--- INPUT MATERIAL ---
=== Section Start ===
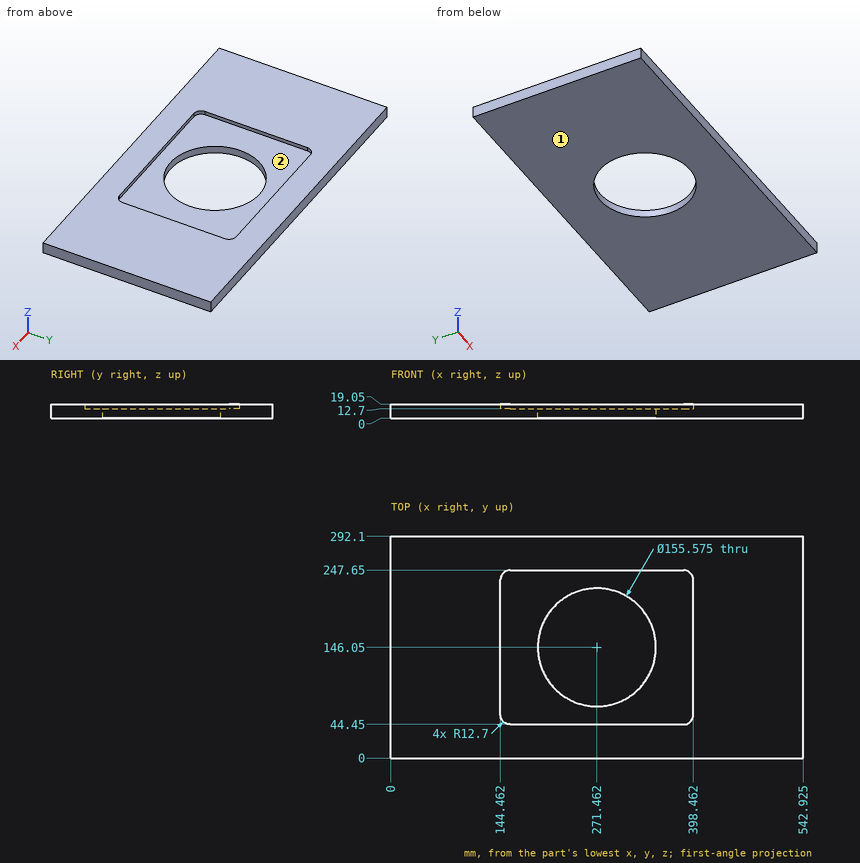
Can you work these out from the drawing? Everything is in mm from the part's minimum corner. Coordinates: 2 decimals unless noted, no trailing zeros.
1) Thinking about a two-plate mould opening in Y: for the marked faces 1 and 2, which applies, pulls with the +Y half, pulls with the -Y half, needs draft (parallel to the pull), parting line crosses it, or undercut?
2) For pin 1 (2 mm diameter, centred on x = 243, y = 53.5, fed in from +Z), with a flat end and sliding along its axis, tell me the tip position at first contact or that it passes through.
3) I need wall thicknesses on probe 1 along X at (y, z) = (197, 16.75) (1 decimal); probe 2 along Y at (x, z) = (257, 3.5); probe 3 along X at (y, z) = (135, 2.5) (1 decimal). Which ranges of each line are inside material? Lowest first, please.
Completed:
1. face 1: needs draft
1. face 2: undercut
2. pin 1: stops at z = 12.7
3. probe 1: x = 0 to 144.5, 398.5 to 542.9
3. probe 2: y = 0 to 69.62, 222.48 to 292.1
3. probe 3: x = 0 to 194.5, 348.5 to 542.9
=== Section End ===
--- EXERCISE OBJECTIVE ---
Report each line above containing the string "from".

--- ANSWER TO THE EXERCISE ---
Can you work these out from the drawing? Everything is in mm from the part's minimum corner. Coordinates: 2 decimals unless noted, no trailing zeros.
2) For pin 1 (2 mm diameter, centred on x = 243, y = 53.5, fed in from +Z), with a flat end and sliding along its axis, tell me the tip position at first contact or that it passes through.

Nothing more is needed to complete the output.